23 May 3960: Pocatello
The decomposing body that was wheeled into the town morgue had been nibbled at by vermin for several days and was unrecognizable. The sub-inspector for the town had just finished quite a pleasant dinner when the runner came to his door, and now he busied himself with the registers of travel and absence while the coroner worked with the stench in the adjoining room. Presently the coroner joined him, still wearing his stained, reeking smock.
“The body was found in an overgrown culvert at the edge of town,” reported the coroner, sitting uncomfortably close to the sub-inspector. “A passing farmhand noticed the smell. A handmade pistol of .35 caliber was found in his right hand, and two empty whisky bottles were lying beside the body.”

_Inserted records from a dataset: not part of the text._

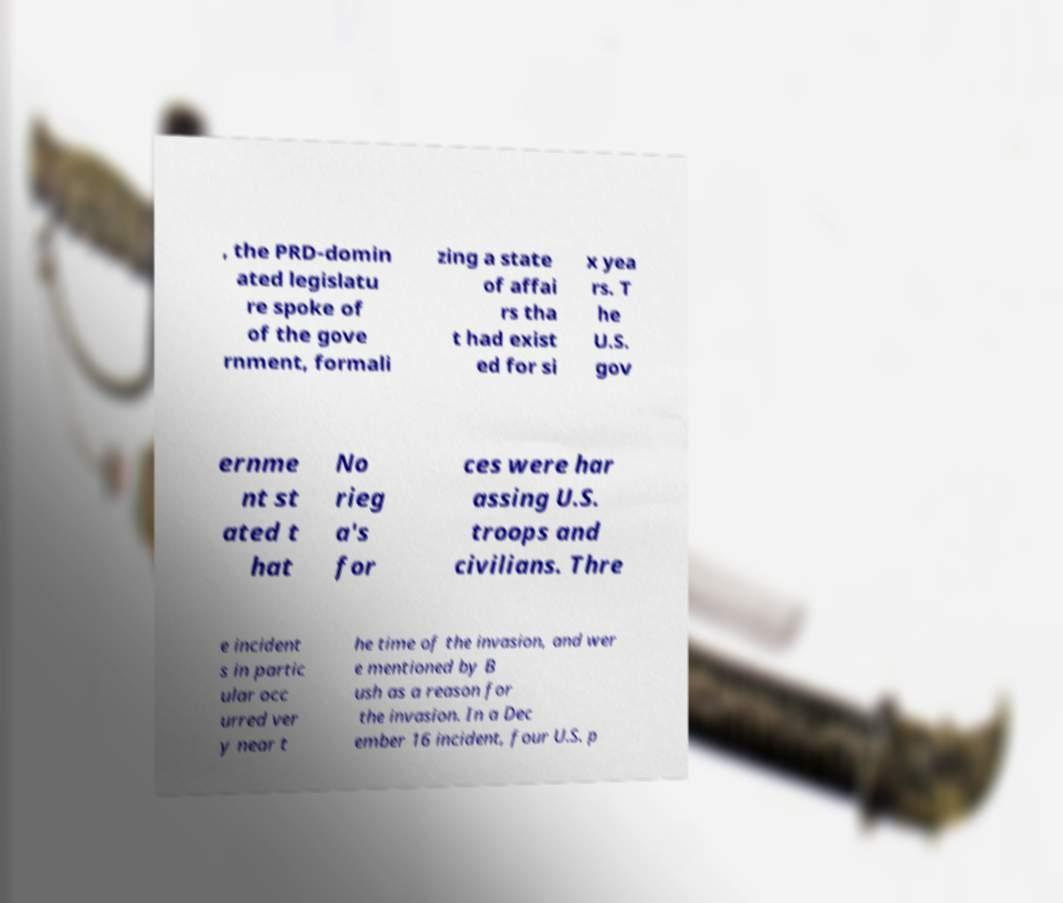There's text embedded in this image that I need extracted. Can you transcribe it verbatim? , the PRD-domin ated legislatu re spoke of of the gove rnment, formali zing a state of affai rs tha t had exist ed for si x yea rs. T he U.S. gov ernme nt st ated t hat No rieg a's for ces were har assing U.S. troops and civilians. Thre e incident s in partic ular occ urred ver y near t he time of the invasion, and wer e mentioned by B ush as a reason for the invasion. In a Dec ember 16 incident, four U.S. p 
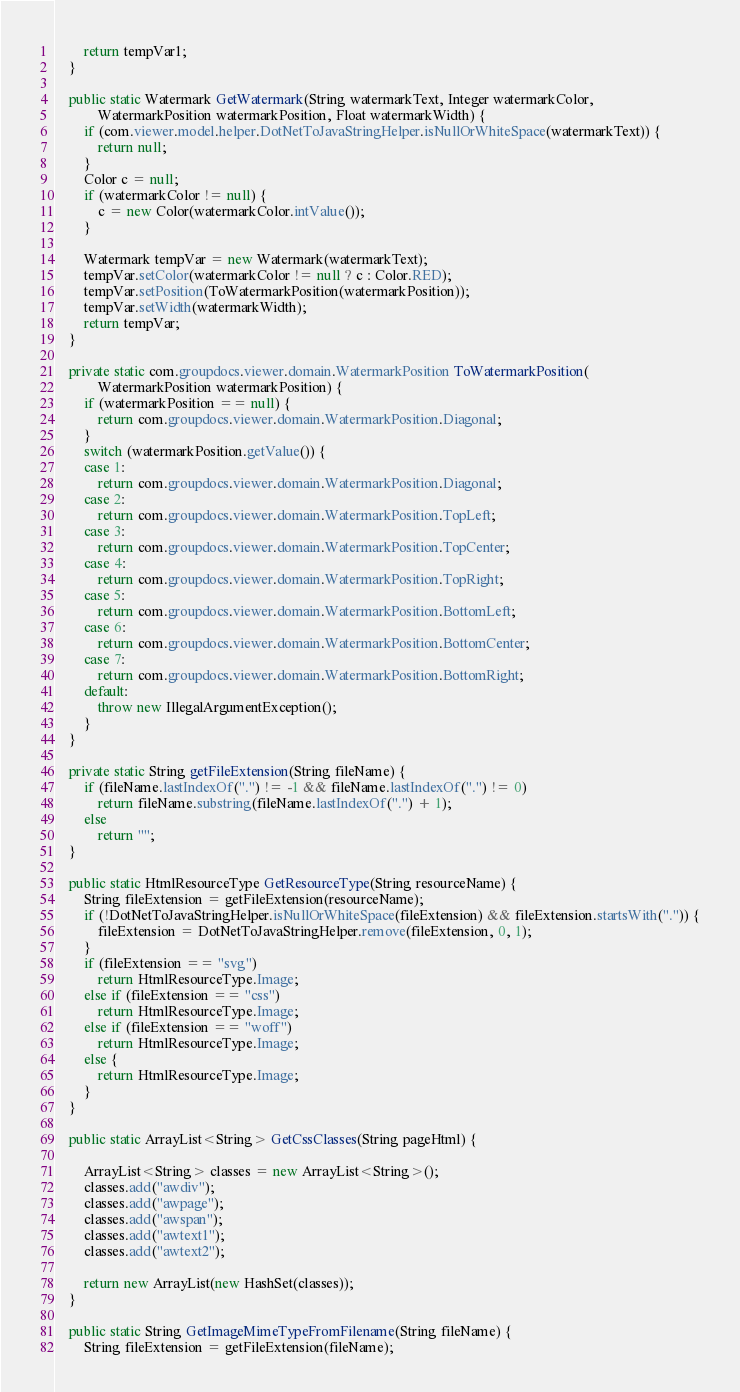Convert code to text. <code><loc_0><loc_0><loc_500><loc_500><_Java_>		return tempVar1;
	}

	public static Watermark GetWatermark(String watermarkText, Integer watermarkColor,
			WatermarkPosition watermarkPosition, Float watermarkWidth) {
		if (com.viewer.model.helper.DotNetToJavaStringHelper.isNullOrWhiteSpace(watermarkText)) {
			return null;
		}
		Color c = null;
		if (watermarkColor != null) {
			c = new Color(watermarkColor.intValue());
		}

		Watermark tempVar = new Watermark(watermarkText);
		tempVar.setColor(watermarkColor != null ? c : Color.RED);
		tempVar.setPosition(ToWatermarkPosition(watermarkPosition));
		tempVar.setWidth(watermarkWidth);
		return tempVar;
	}

	private static com.groupdocs.viewer.domain.WatermarkPosition ToWatermarkPosition(
			WatermarkPosition watermarkPosition) {
		if (watermarkPosition == null) {
			return com.groupdocs.viewer.domain.WatermarkPosition.Diagonal;
		}
		switch (watermarkPosition.getValue()) {
		case 1:
			return com.groupdocs.viewer.domain.WatermarkPosition.Diagonal;
		case 2:
			return com.groupdocs.viewer.domain.WatermarkPosition.TopLeft;
		case 3:
			return com.groupdocs.viewer.domain.WatermarkPosition.TopCenter;
		case 4:
			return com.groupdocs.viewer.domain.WatermarkPosition.TopRight;
		case 5:
			return com.groupdocs.viewer.domain.WatermarkPosition.BottomLeft;
		case 6:
			return com.groupdocs.viewer.domain.WatermarkPosition.BottomCenter;
		case 7:
			return com.groupdocs.viewer.domain.WatermarkPosition.BottomRight;
		default:
			throw new IllegalArgumentException();
		}
	}

	private static String getFileExtension(String fileName) {
		if (fileName.lastIndexOf(".") != -1 && fileName.lastIndexOf(".") != 0)
			return fileName.substring(fileName.lastIndexOf(".") + 1);
		else
			return "";
	}

	public static HtmlResourceType GetResourceType(String resourceName) {
		String fileExtension = getFileExtension(resourceName);
		if (!DotNetToJavaStringHelper.isNullOrWhiteSpace(fileExtension) && fileExtension.startsWith(".")) {
			fileExtension = DotNetToJavaStringHelper.remove(fileExtension, 0, 1);
		}
		if (fileExtension == "svg")
			return HtmlResourceType.Image;
		else if (fileExtension == "css")
			return HtmlResourceType.Image;
		else if (fileExtension == "woff")
			return HtmlResourceType.Image;
		else {
			return HtmlResourceType.Image;
		}
	}

	public static ArrayList<String> GetCssClasses(String pageHtml) {

		ArrayList<String> classes = new ArrayList<String>();
		classes.add("awdiv");
		classes.add("awpage");
		classes.add("awspan");
		classes.add("awtext1");
		classes.add("awtext2");

		return new ArrayList(new HashSet(classes)); 
	}

	public static String GetImageMimeTypeFromFilename(String fileName) {
		String fileExtension = getFileExtension(fileName);</code> 
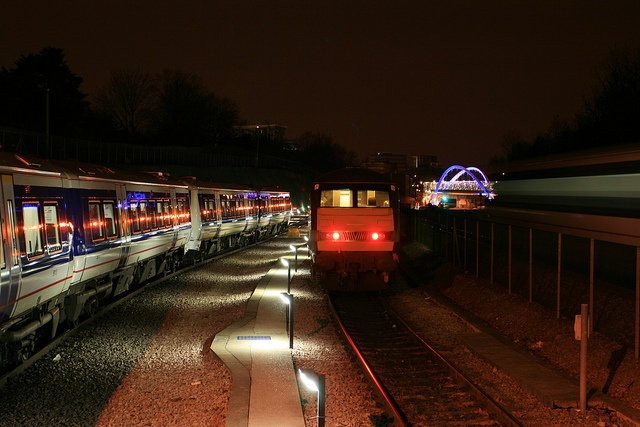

“The clothing and papers belong to Giles Normandier, master gunsmith,” said the sub-inspector quickly. “Drunkard, heavily in debt, debts recently bought out in return for a couple of decades of work in Condelor. Registered as traveling with tools in a barrow.”
“Neither barrow nor tools were found.”
“What was the cause of death?”
“One .35-caliber, hollow-point bullet, administered orally, and at high speed. It removed the back of his skull as it exited, along with most of his brains. The bullet was recovered from the wall of the culvert and matched with the weapon discovered in the right hand of the body. The brains had been consumed by the local fauna by the time of discovery.”
By now the sub-inspector was chalk-white, and his hands were shaking.